Sedangkan definisi yang lebih khusus lagi, profesi ditandai oleh tiga unsur penting
yaitu pekerjaan, pendidikan atau keterampilan khusus, dan adanya komitmen
moral/nilai-nilai etis.
- Kode Etik
Kode
etik adalah suatu sistem norma, nilai & juga aturan profesional tertulis
yang secara tegas menyatakan apa yang benar & baik & apa yang tidak
benar & tidak baik bagi profesional. Kode etik menyatakan perbuatan apa
saja yang benar / salah, perbuatan apa yang harus dilakukan & perbuatan apa
yang harus dihindari. Atau secara singkatnya definisi kode etik yaitu suatu
pola aturan, tata cara, tanda, pedoman etis ketika melakukan suatu kegiatan /
suatu pekerjaan. Kode etik merupakan pola aturan / tata cara sebagai pedoman
berperilaku.
- Prinsip Etika Profesi
- Prinsip Tanggung Jawab
Yaitu
salah satu prinsip pokok bagi kaum profesional. Karena orang yang professional
sudah dengan sendirinya berarti bertanggung jawab atas profesi yang
dimilikinya. Dalam melaksanakan tugasnya dia akan bertanggung jawab dan akan
melakukan pekerjaan dengan sebaik mungkin, dan dengan standar diatas rata-rata,
dengan hasil maksimal serta mutu yang terbaik.
2. Prinsip Keadilan
- Yaitu prinsip yang menuntut orang yang professional agar dalam melaksanakan profesinya tidak akan merugikan hak dan kepentingan pihak tertentu, khususnya orang-orang yang dilayani dalam kaitannya dengan profesi yang dimilikinya.
3.
Prinsip Otonomi
Yaitu
prinsip yang dituntut oleh kalangan professional terhadap dunia luar agar
mereka diberikan kebebasan sepenuhnya dalam menjalankan profesinya. Sebenarnya
hal ini merupakan konsekuensi dari hakekat profesi itu sendiri. Karena hanya
mereka yang professional ahli dan terampil dalam bidang profesinya, tidak boleh
ada pihak luar yang ikut campur tangan dalam pelaksanaan profesi tersebut.
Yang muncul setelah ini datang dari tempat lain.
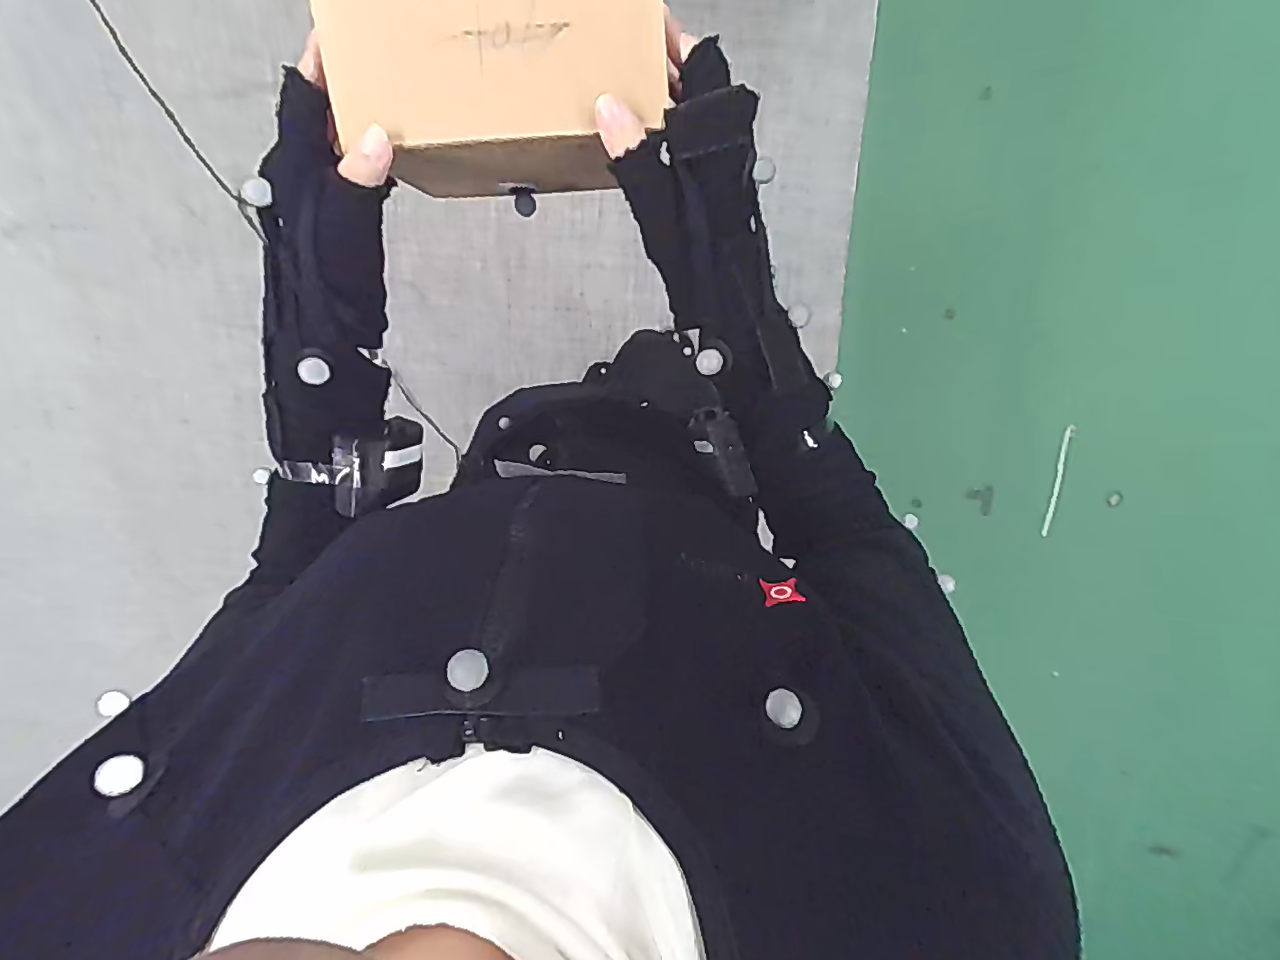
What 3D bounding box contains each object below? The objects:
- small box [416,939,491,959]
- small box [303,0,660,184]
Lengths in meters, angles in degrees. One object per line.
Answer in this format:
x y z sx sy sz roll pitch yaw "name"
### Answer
-0.441 1.190 1.215 0.168 0.176 0.179 8 105 -5 "small box"
-0.080 -0.289 0.315 0.168 0.176 0.179 -4 110 -1 "small box"
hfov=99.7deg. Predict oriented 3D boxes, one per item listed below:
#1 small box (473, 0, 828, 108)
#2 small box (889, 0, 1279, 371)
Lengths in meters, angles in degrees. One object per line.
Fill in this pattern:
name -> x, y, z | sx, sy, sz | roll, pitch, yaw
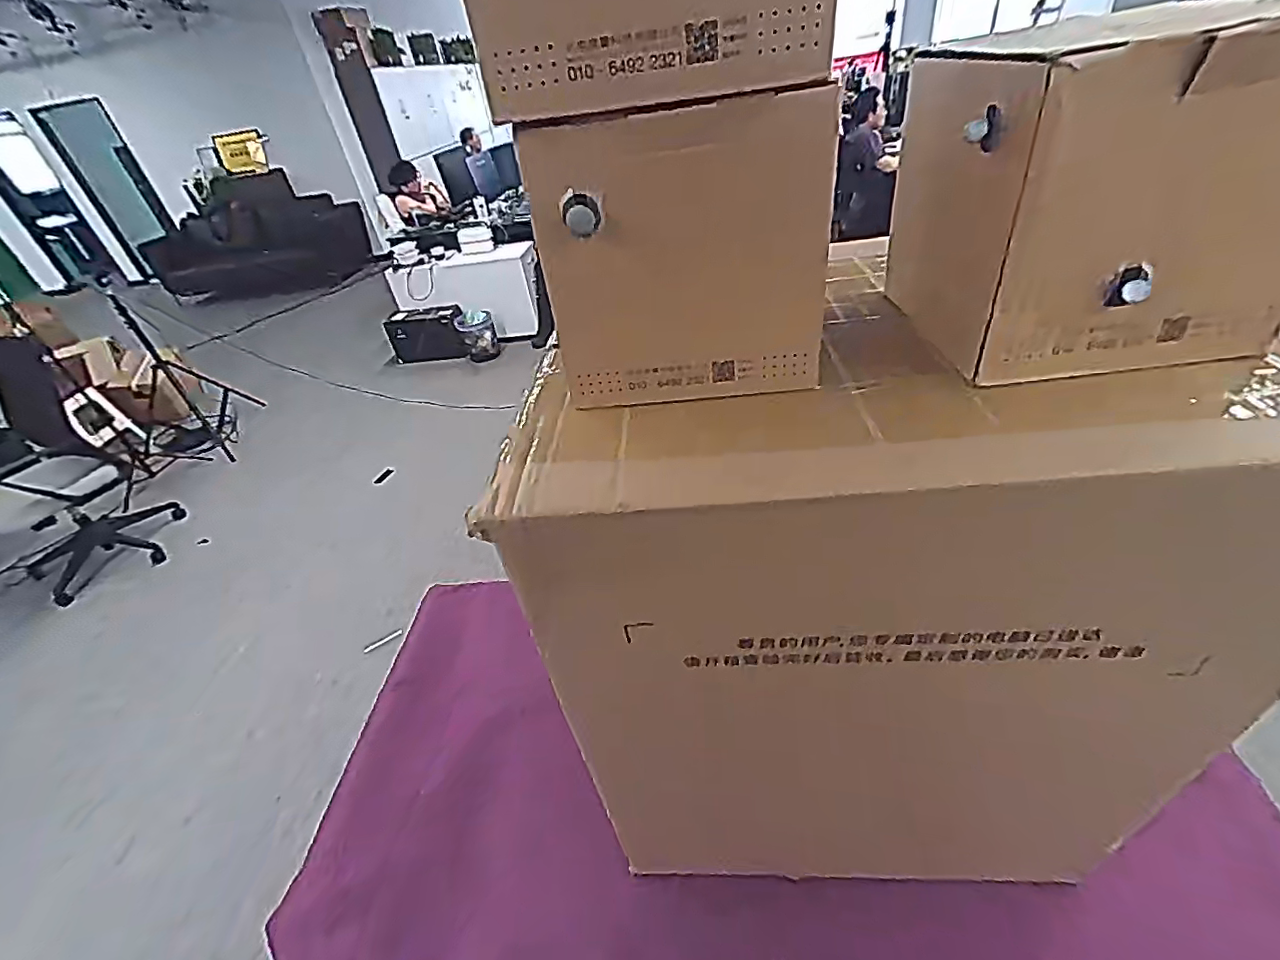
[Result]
small box -> -0.001, -0.301, 0.275 | 0.168, 0.176, 0.179 | -5, 37, 3
small box -> 0.275, -0.187, 0.342 | 0.168, 0.176, 0.179 | -6, 38, 6
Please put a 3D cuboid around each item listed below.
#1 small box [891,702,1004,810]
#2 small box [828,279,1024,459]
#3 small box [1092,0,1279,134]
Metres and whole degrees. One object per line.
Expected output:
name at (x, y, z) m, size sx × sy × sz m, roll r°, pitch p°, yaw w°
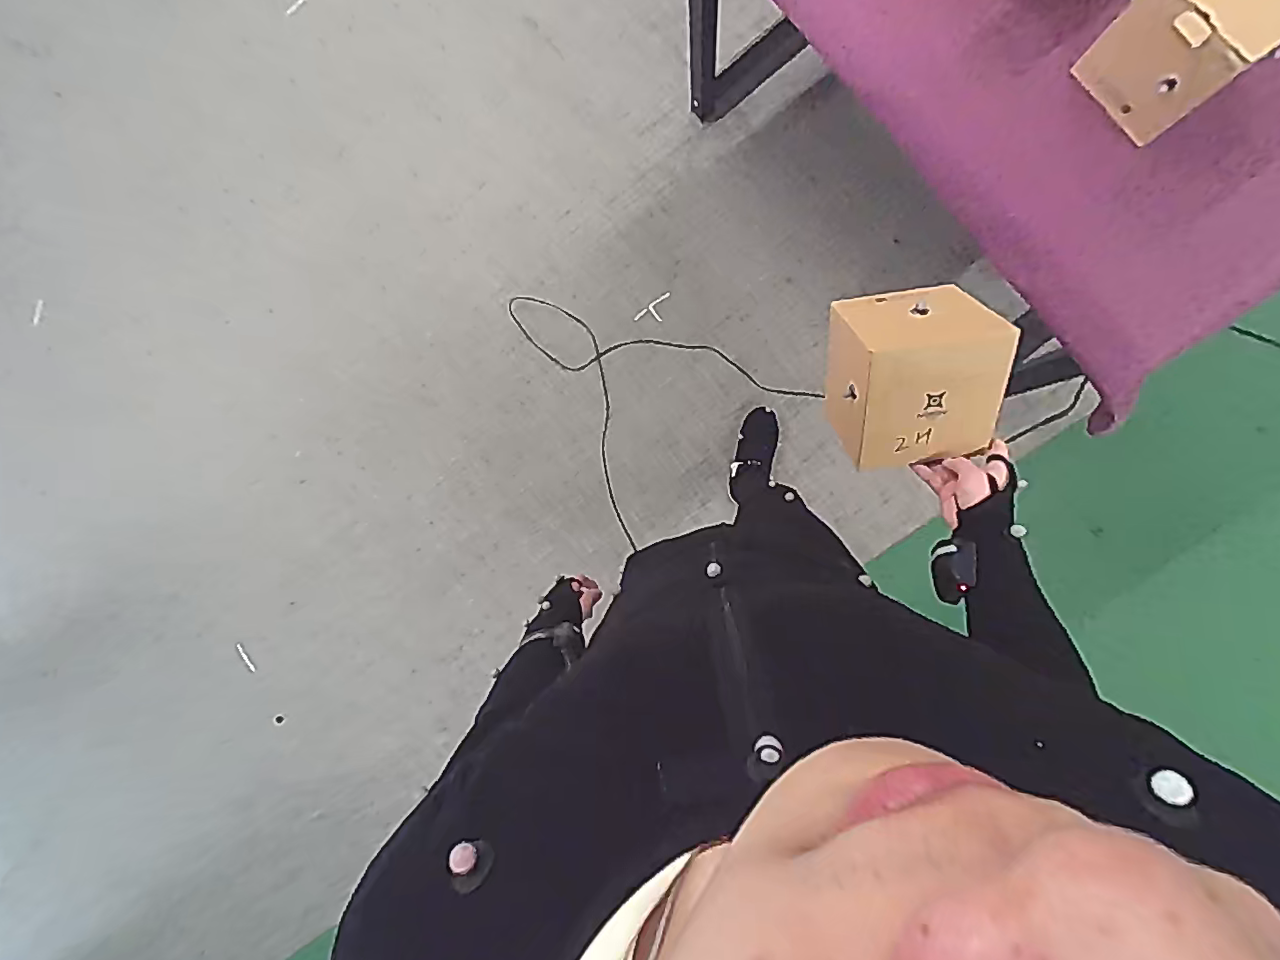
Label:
small box at (0.816, 0.730, 1.459) m, size 0.168 × 0.176 × 0.179 m, roll -38°, pitch 87°, yaw 5°
small box at (0.357, -0.152, 0.716) m, size 0.168 × 0.176 × 0.179 m, roll -7°, pitch 127°, yaw 6°
small box at (0.776, -0.626, 0.734) m, size 0.179 × 0.176 × 0.168 m, roll -37°, pitch 86°, yaw 5°
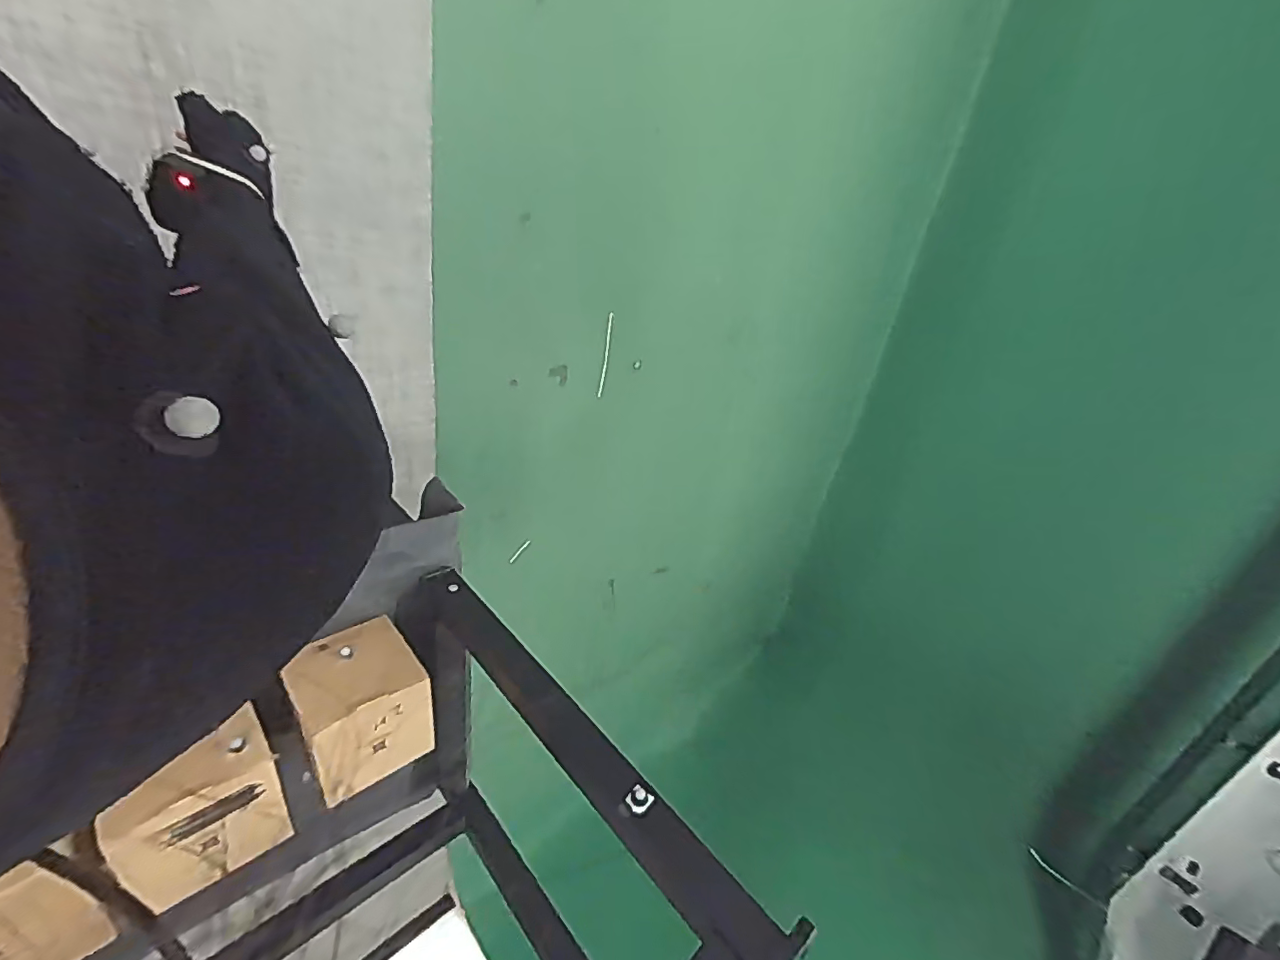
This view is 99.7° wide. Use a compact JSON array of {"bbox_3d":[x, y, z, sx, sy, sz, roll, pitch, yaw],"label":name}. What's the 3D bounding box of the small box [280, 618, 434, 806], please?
[{"bbox_3d":[-0.446,0.357,0.859,0.168,0.176,0.179,-19,129,-41],"label":"small box"}]

4. Prinsip Integritas Moral
Yaitu
prinsip yang berdasarkan pada hakekat dan ciri-ciri profesi di atas, terlihat
jelas bahwa orang yang professional adalah juga orang yang mempunyai integritas
pribadi atau moral yang tinggi. Oleh karena itu mereka mempunyai komitmen
pribadi untuk menjaga keluhuran profesinya, nama baiknya, dan juga kepentingan
orang lain maupun masyarakat luas.
Resume Kelompok 7
Pengertian Budaya Organisasi Dan
Perusahaan, Hubungan Budaya Dan Etika, Kendala Dalam Mewujudkan Kinerja
Bisnis Etis
A. Budaya Organisasi
Budaya organisasi adalah sebuah
sistem makna bersama yang dianut oleh para anggota yang membedakan suatu
organisasi dari organisasi-organisasi lainnya. Sistem makna bersama ini adalah
sekumpulan karakteristik kunci yang dijunjung tinggi oleh organisasi.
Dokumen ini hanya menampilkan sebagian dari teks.